- Opening Delimiter -

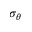<formula> <loc_0><loc_0><loc_500><loc_500>\sigma _ { \theta }</formula> 
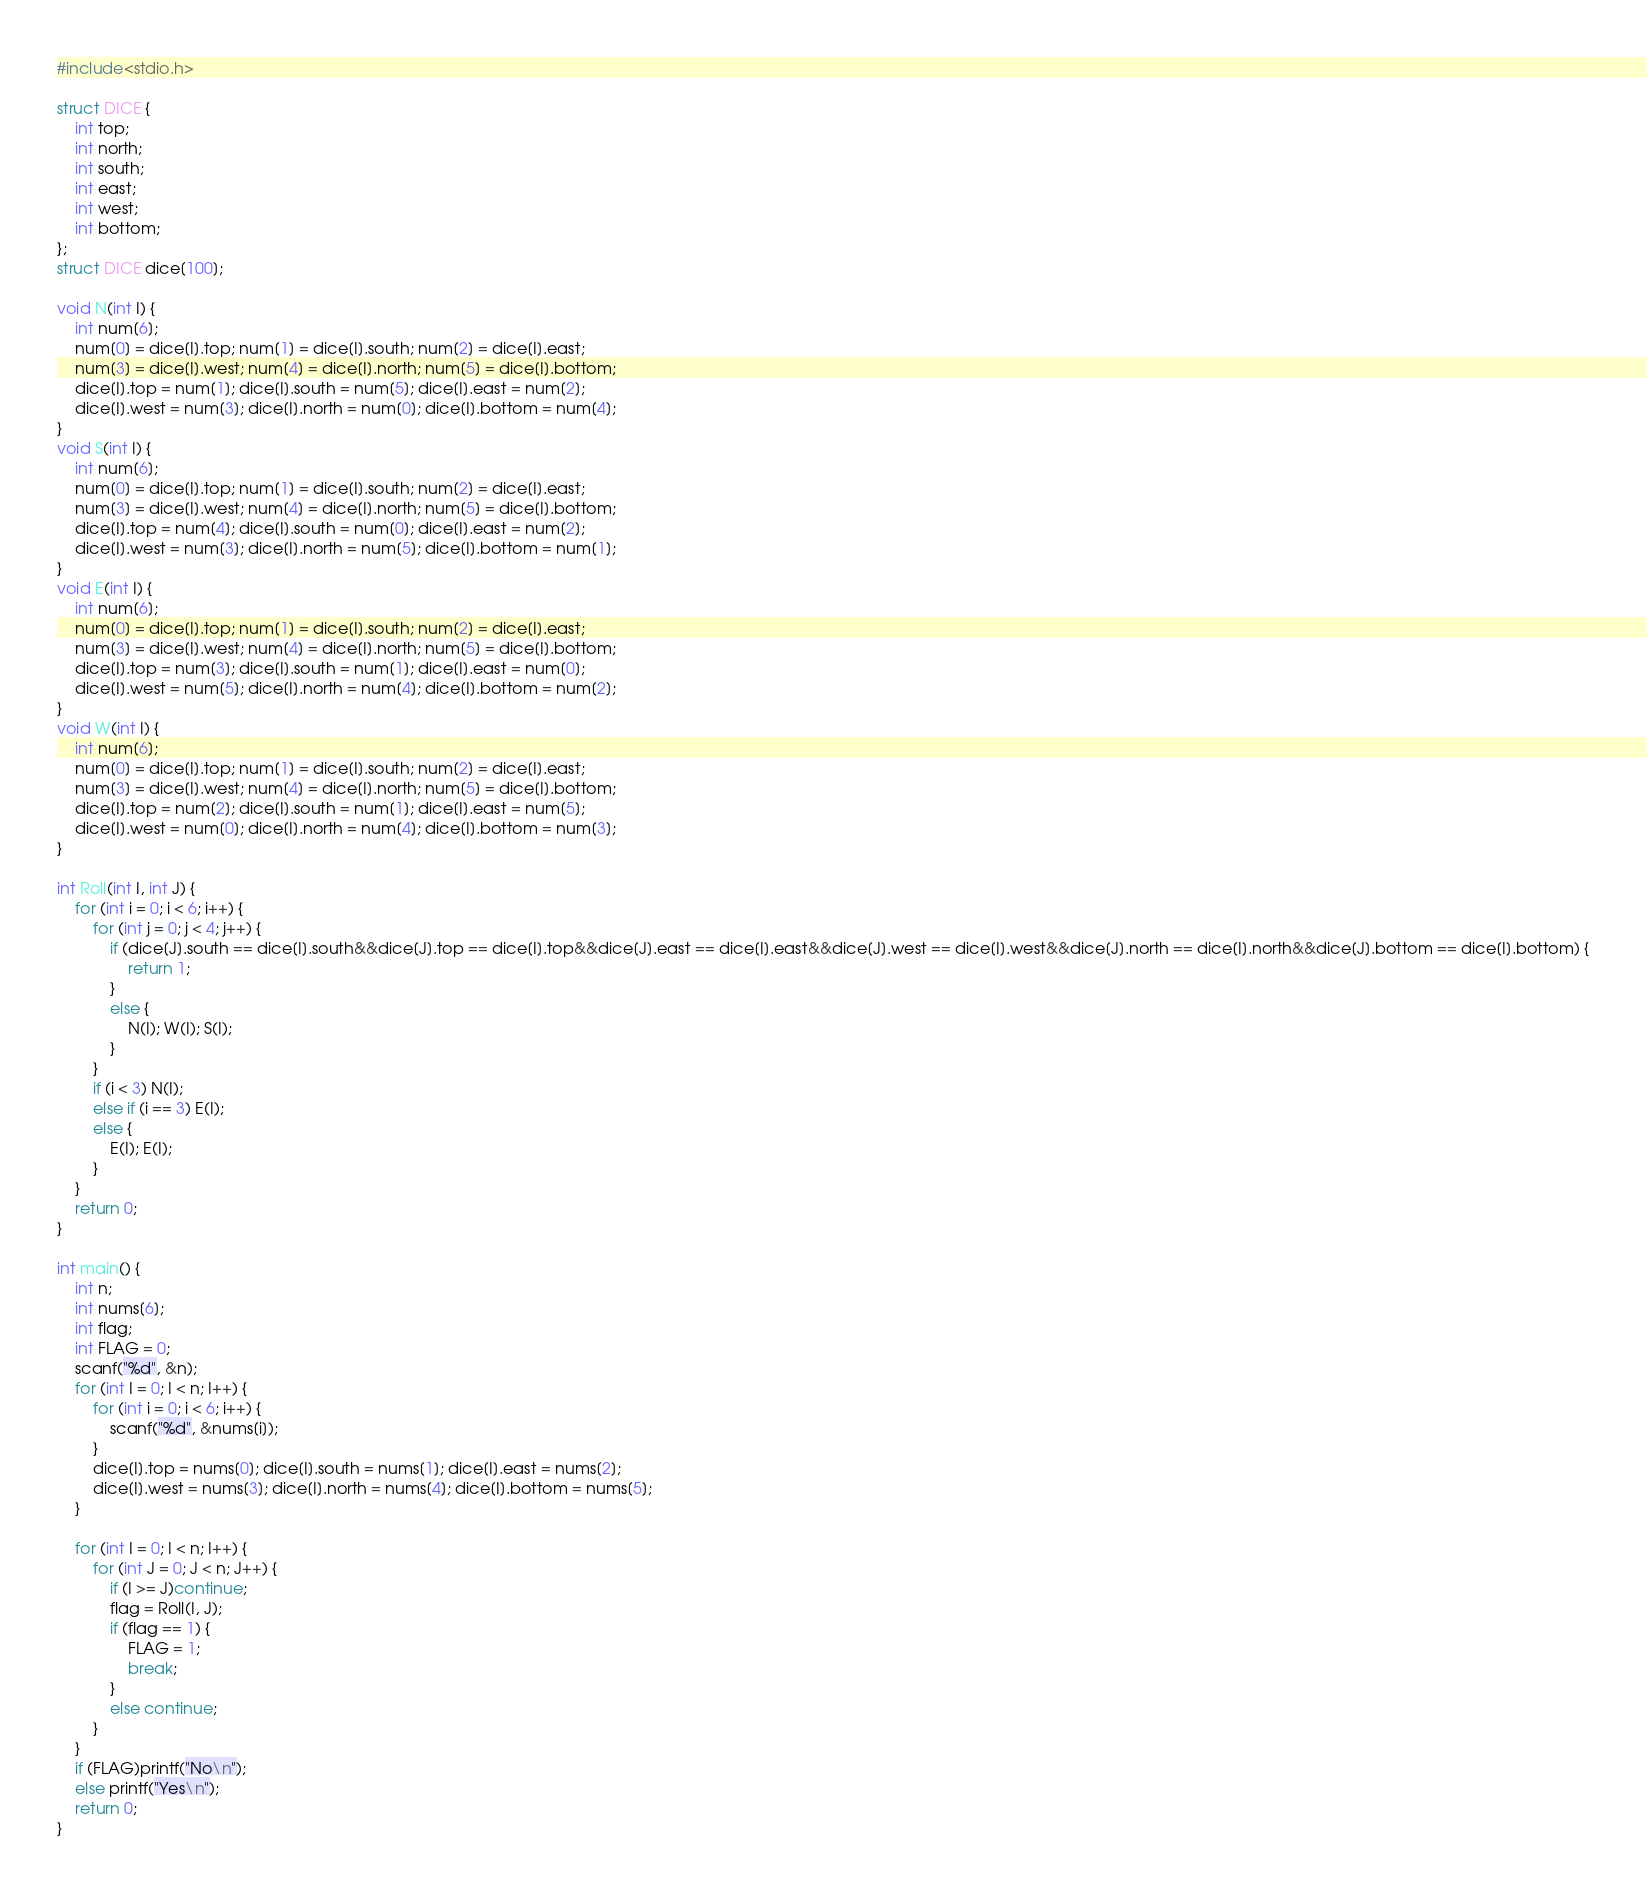Convert code to text. <code><loc_0><loc_0><loc_500><loc_500><_C_>#include<stdio.h>

struct DICE {
	int top;
	int north;
	int south;
	int east;
	int west;
	int bottom;
};
struct DICE dice[100];

void N(int I) {
	int num[6];
	num[0] = dice[I].top; num[1] = dice[I].south; num[2] = dice[I].east;
	num[3] = dice[I].west; num[4] = dice[I].north; num[5] = dice[I].bottom;
	dice[I].top = num[1]; dice[I].south = num[5]; dice[I].east = num[2];
	dice[I].west = num[3]; dice[I].north = num[0]; dice[I].bottom = num[4];
}
void S(int I) {
	int num[6];
	num[0] = dice[I].top; num[1] = dice[I].south; num[2] = dice[I].east;
	num[3] = dice[I].west; num[4] = dice[I].north; num[5] = dice[I].bottom;
	dice[I].top = num[4]; dice[I].south = num[0]; dice[I].east = num[2];
	dice[I].west = num[3]; dice[I].north = num[5]; dice[I].bottom = num[1];
}
void E(int I) {
	int num[6];
	num[0] = dice[I].top; num[1] = dice[I].south; num[2] = dice[I].east;
	num[3] = dice[I].west; num[4] = dice[I].north; num[5] = dice[I].bottom;
	dice[I].top = num[3]; dice[I].south = num[1]; dice[I].east = num[0];
	dice[I].west = num[5]; dice[I].north = num[4]; dice[I].bottom = num[2];
}
void W(int I) {
	int num[6];
	num[0] = dice[I].top; num[1] = dice[I].south; num[2] = dice[I].east;
	num[3] = dice[I].west; num[4] = dice[I].north; num[5] = dice[I].bottom;
	dice[I].top = num[2]; dice[I].south = num[1]; dice[I].east = num[5];
	dice[I].west = num[0]; dice[I].north = num[4]; dice[I].bottom = num[3];
}

int Roll(int I, int J) {
	for (int i = 0; i < 6; i++) {
		for (int j = 0; j < 4; j++) {
			if (dice[J].south == dice[I].south&&dice[J].top == dice[I].top&&dice[J].east == dice[I].east&&dice[J].west == dice[I].west&&dice[J].north == dice[I].north&&dice[J].bottom == dice[I].bottom) {
				return 1;
			}
			else {
				N(I); W(I); S(I);
			}
		}
		if (i < 3) N(I);
		else if (i == 3) E(I);
		else {
			E(I); E(I);
		}
	}
	return 0;
}

int main() {
	int n;
	int nums[6];
	int flag;
	int FLAG = 0;
	scanf("%d", &n);
	for (int I = 0; I < n; I++) {
		for (int i = 0; i < 6; i++) {
			scanf("%d", &nums[i]);
		}
		dice[I].top = nums[0]; dice[I].south = nums[1]; dice[I].east = nums[2];
		dice[I].west = nums[3]; dice[I].north = nums[4]; dice[I].bottom = nums[5];
	}

	for (int I = 0; I < n; I++) {
		for (int J = 0; J < n; J++) {
			if (I >= J)continue;
			flag = Roll(I, J);
			if (flag == 1) {
				FLAG = 1;
				break;
			}
			else continue;
		}
	}
	if (FLAG)printf("No\n");
	else printf("Yes\n");
	return 0;
}
</code>

- Closing Delimiter -

Your assignment: Across the material above, how many lines have the word "else" in them? Answer with a bare number.

Response: 5